Sotos Syndrome and Tatton Brown Rahman Syndrome bear striking similarities, so much so that patients with one have been misdiagnosed as having the other. Both rare diseases cause large stature and head size, also known as overgrowth, distinct facial features, a high prevelance of autism, and intellectual disability. But the two diseases have different genetic origins: Sotos is caused by variants in the NSD1 gene while TBRS involves mutations in the DNMT3A gene. Researchers have now made progress in understanding why Sotos and TBRS are so alike. The laboratory of Harrison Gabel, PhD, Associate Professor in the Department of Neuroscience at Washington University School of Medicine, reports in Molecular Cell that mutations in NSD1 and DNMT3A in mouse models lead to convergent shifts in the activity of genes within neurons.

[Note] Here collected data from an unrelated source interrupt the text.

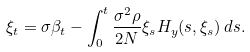<formula> <loc_0><loc_0><loc_500><loc_500>\xi _ { t } = \sigma \beta _ { t } - \int _ { 0 } ^ { t } \frac { \sigma ^ { 2 } \rho } { 2 N } \xi _ { s } H _ { y } ( s , \xi _ { s } ) \, d s .</formula> 
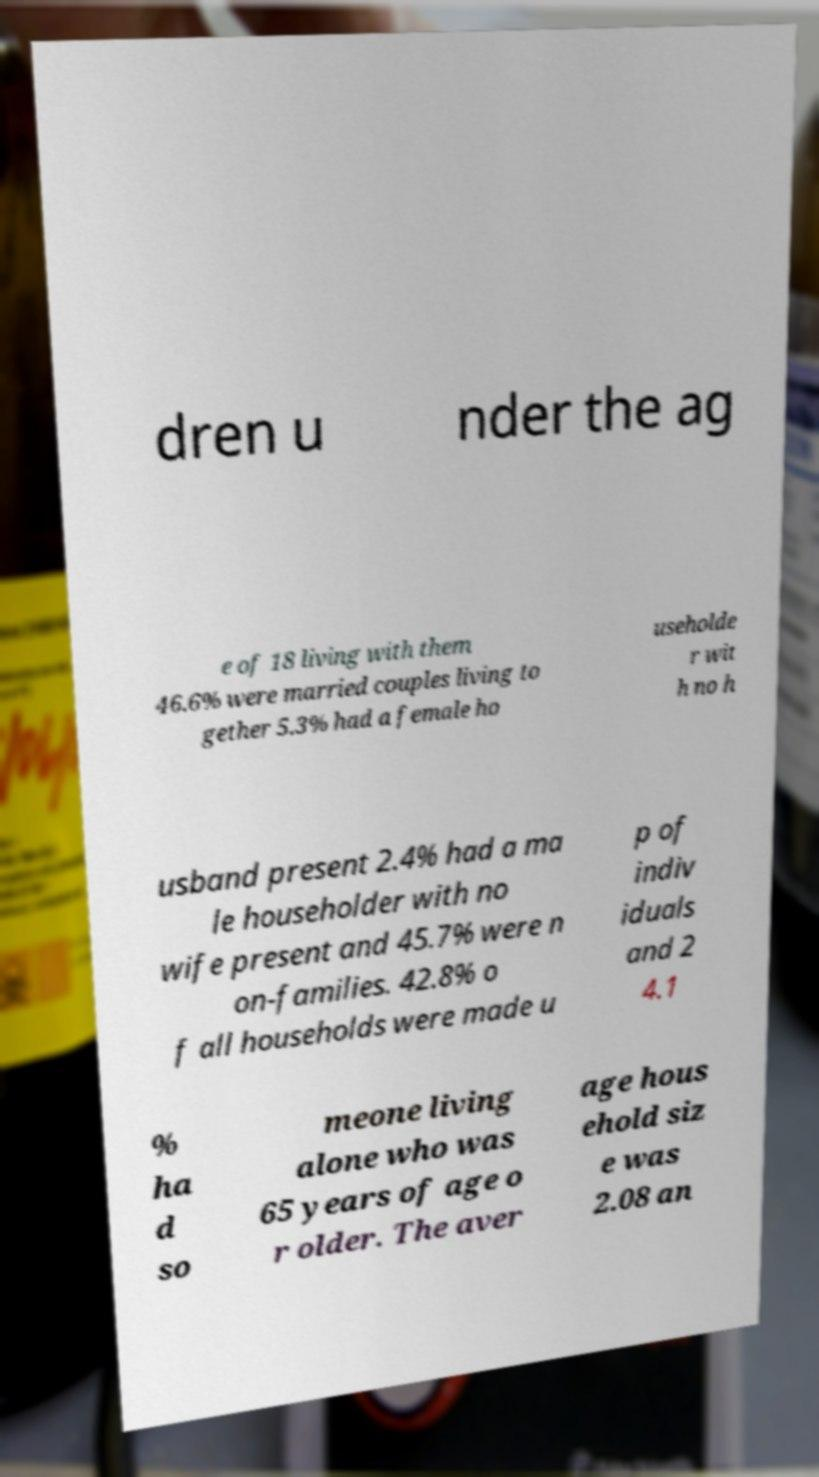I need the written content from this picture converted into text. Can you do that? dren u nder the ag e of 18 living with them 46.6% were married couples living to gether 5.3% had a female ho useholde r wit h no h usband present 2.4% had a ma le householder with no wife present and 45.7% were n on-families. 42.8% o f all households were made u p of indiv iduals and 2 4.1 % ha d so meone living alone who was 65 years of age o r older. The aver age hous ehold siz e was 2.08 an 
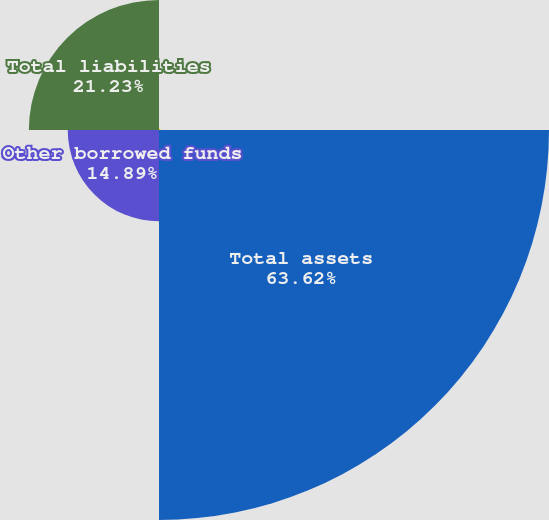Convert chart to OTSL. <chart><loc_0><loc_0><loc_500><loc_500><pie_chart><fcel>Other assets<fcel>Total assets<fcel>Other borrowed funds<fcel>Total liabilities<nl><fcel>0.26%<fcel>63.63%<fcel>14.89%<fcel>21.23%<nl></chart>

“We saw overwhelming overlap in concordantly upregulated genes,” said Nicole Hamagami, the co-first author of the paper. “It was pretty exciting to see. It suggests there’s this overarching genetic de-repression that’s happening between these two diseases,” added Hamagami, who is a graduate student in the Gabel Lab in the medical scientist training program.

“Our study points to neuronal DNA methylation as a convergence point in TBRS, Sotos syndrome and likely additional disorders,” said Gabel. “We think this serves as a model for how to decode distinct genetic diseases with overlapping pathology.”

NSD1 and DNMT3Aare enzymes involved in gene regulation through methylation. NSD1 deposits methyl groups onto histones—specifically, the histone H3K36—and DNMT3A adds methyl groups to DNA, including the brain-specific methylation of CA dinucleotides (mCA) in the genome. “The deposition and readout of the mCA mark is really important for regulation of neuronal genes and critical for neuronal function,” said Hamagami, which explains why mutations in DNMT3A can lead to neurodevelopmental disorders. The question she was after was whether the substrates of NSD1 and DNMT3A are related.

A lot of neurodevelopmental disorder models and autism spectrum disorder models tend to have subtle gene effects, but we think the accumulation of these subtle gene effects is what’s contributing to the disease.

Nicole Hamagami

Hamagami, together with her co-first author Dennis Wu, another student in the lab, and colleagues, first set out to determine how the pattern of mCA is established across the genome. Studies outside the nervous system have shown that H3K36 methylation recruits DNMT3A to methylate CG dinucleotides in the genome. To see if the same is true for mCA in the brain, the team compared H3K36 methylation patterns in the cerebral cortex of young mice and found that it mirrored later mCA patterns in the genome of neurons. They then disrupted the function of NSD1 and found that in regions of the genome where H3K36 methylation was perturbed, mCA patterns were similarly altered.

“We see epigenetic dysregulation occurring,” said Hamagami. “The ultimate question is, given that we see shared clinical phenotypes across TBRS and Sotos, can we explain that overlap at the molecular level and observe transcriptional disruption across different disease models?”

To answer this question, the team turned to a TBRS mouse model the Gabel Lab had already developed. They also created a mouse with NSD1 knocked out in the brain. Comparing effects on gene expression in the mice’s brains, they found parallel upregulation in genes important for neuronal development and maturation processes. “A lot of neurodevelopmental disorder models and autism spectrum disorder models tend to have subtle gene effects, but we think the accumulation of these subtle gene effects is what’s contributing to the disease,” said Hamagami.

She said that identifying points of convergence in rare diseases is important for developing therapeutics that could treat multiple disorders. Presently, there are no treatments for Sotos or TBRS.